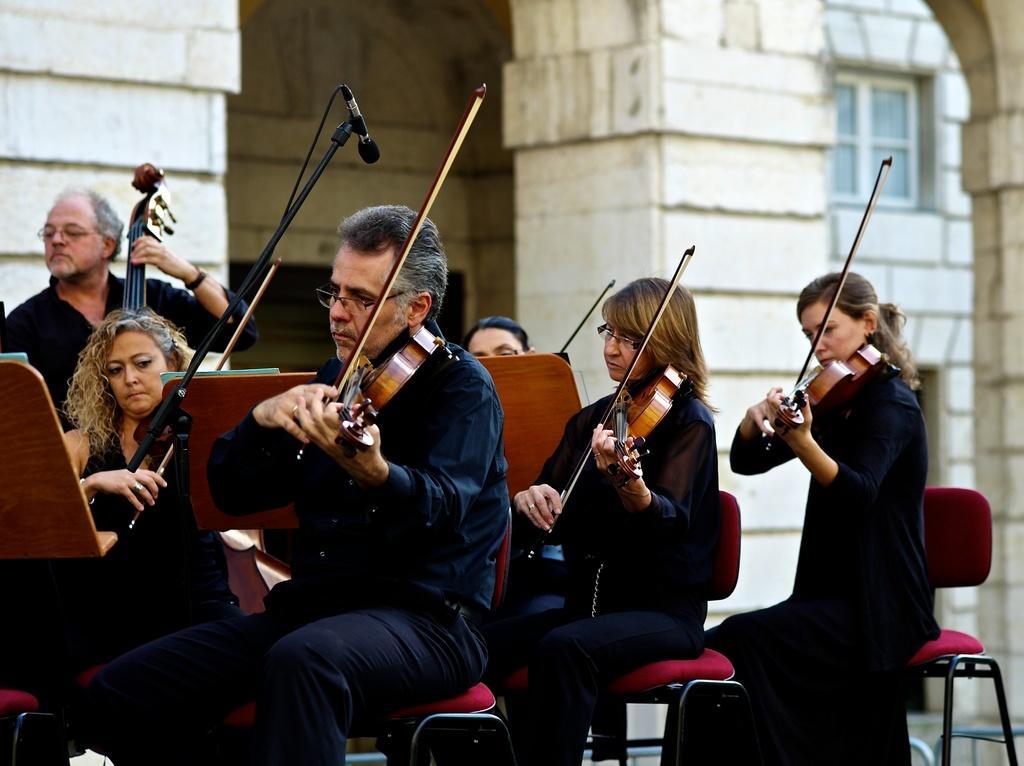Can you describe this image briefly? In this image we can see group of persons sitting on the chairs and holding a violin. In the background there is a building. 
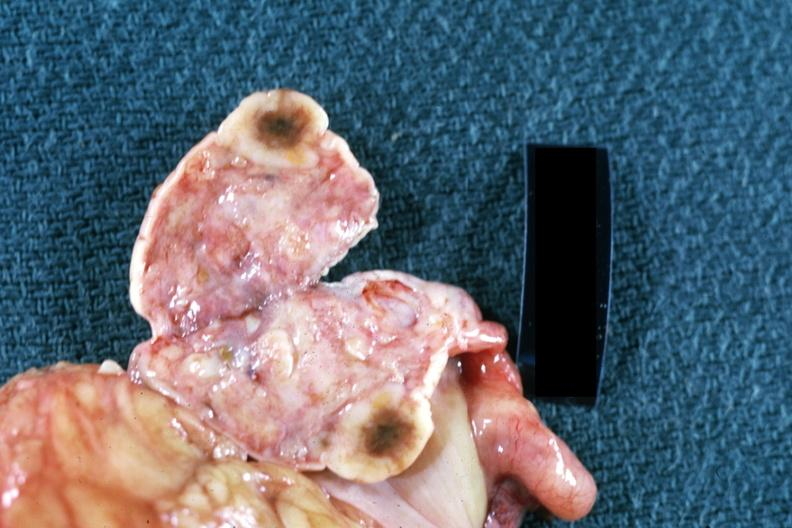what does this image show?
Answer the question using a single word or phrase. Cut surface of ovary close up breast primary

==

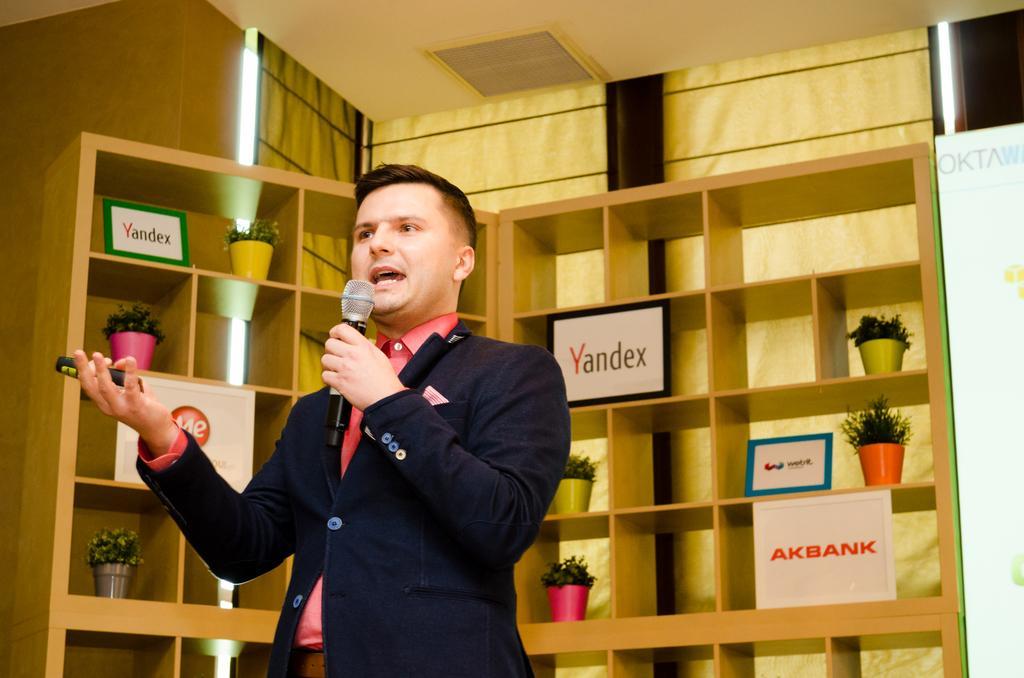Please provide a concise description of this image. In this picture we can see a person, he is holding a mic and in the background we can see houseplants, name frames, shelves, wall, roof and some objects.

---

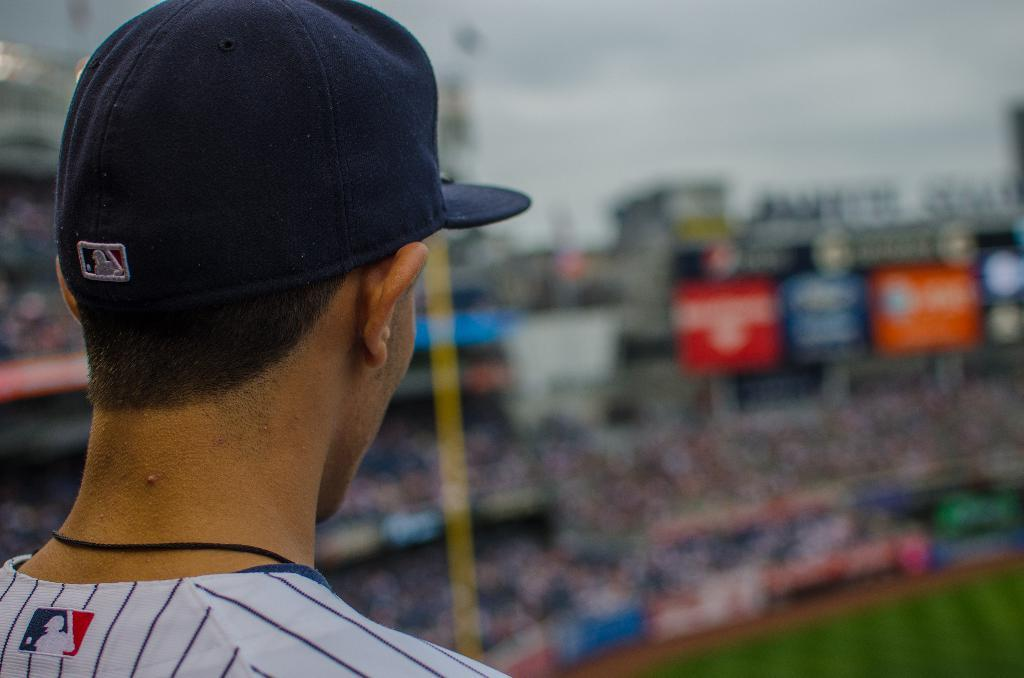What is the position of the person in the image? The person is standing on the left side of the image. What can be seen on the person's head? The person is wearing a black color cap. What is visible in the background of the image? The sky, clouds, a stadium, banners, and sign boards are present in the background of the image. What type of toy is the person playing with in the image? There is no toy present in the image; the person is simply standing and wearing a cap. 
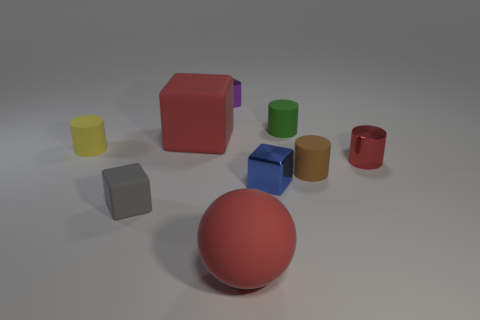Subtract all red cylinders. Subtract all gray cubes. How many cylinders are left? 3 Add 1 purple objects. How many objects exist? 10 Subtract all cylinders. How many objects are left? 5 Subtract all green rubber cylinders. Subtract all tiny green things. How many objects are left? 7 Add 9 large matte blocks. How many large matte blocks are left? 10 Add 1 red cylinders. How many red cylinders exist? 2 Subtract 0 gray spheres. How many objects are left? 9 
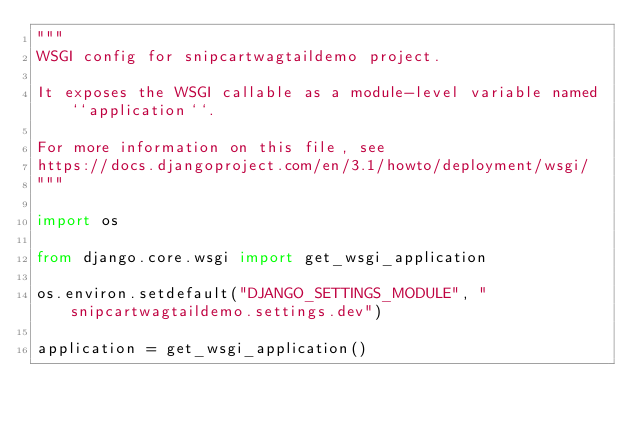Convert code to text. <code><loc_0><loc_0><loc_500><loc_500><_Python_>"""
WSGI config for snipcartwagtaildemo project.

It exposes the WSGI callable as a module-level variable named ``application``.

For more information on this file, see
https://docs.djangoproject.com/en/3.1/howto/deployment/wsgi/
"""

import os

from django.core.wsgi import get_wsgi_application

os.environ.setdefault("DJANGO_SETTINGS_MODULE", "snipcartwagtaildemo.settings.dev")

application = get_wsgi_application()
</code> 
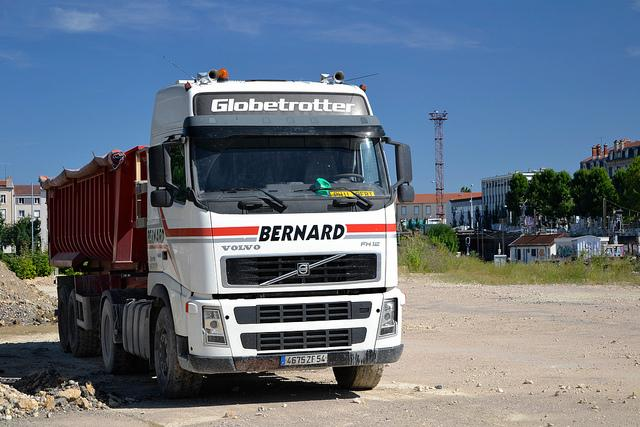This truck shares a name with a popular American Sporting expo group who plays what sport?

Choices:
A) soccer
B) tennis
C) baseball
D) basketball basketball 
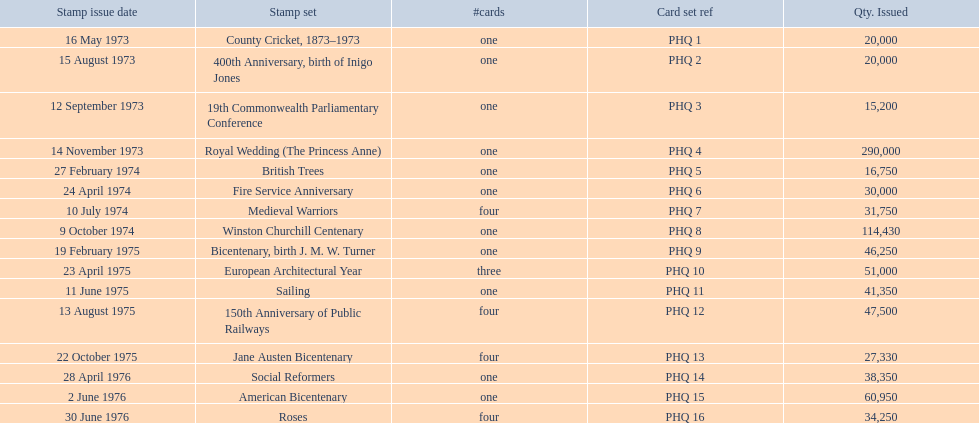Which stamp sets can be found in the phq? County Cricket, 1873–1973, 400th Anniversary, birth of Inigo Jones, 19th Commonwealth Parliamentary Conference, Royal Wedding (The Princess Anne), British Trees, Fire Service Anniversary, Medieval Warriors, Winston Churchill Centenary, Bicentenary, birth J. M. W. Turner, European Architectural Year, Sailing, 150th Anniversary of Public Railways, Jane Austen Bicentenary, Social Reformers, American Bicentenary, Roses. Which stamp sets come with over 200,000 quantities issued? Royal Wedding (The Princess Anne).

• [What needs to be done] Starting with the line that has "Can you describe" and ending with the line that has "Answer the question", repeat the lines above exactly, omitting every picture.

• [Answer to this task]
Can you describe this image briefly? In this image we can see group of persons sitting on the chairs and holding a violin. In the background there is a building. 
what does this image show?
Answer the question using a single word or phrase. Cut surface of ovary close up breast primary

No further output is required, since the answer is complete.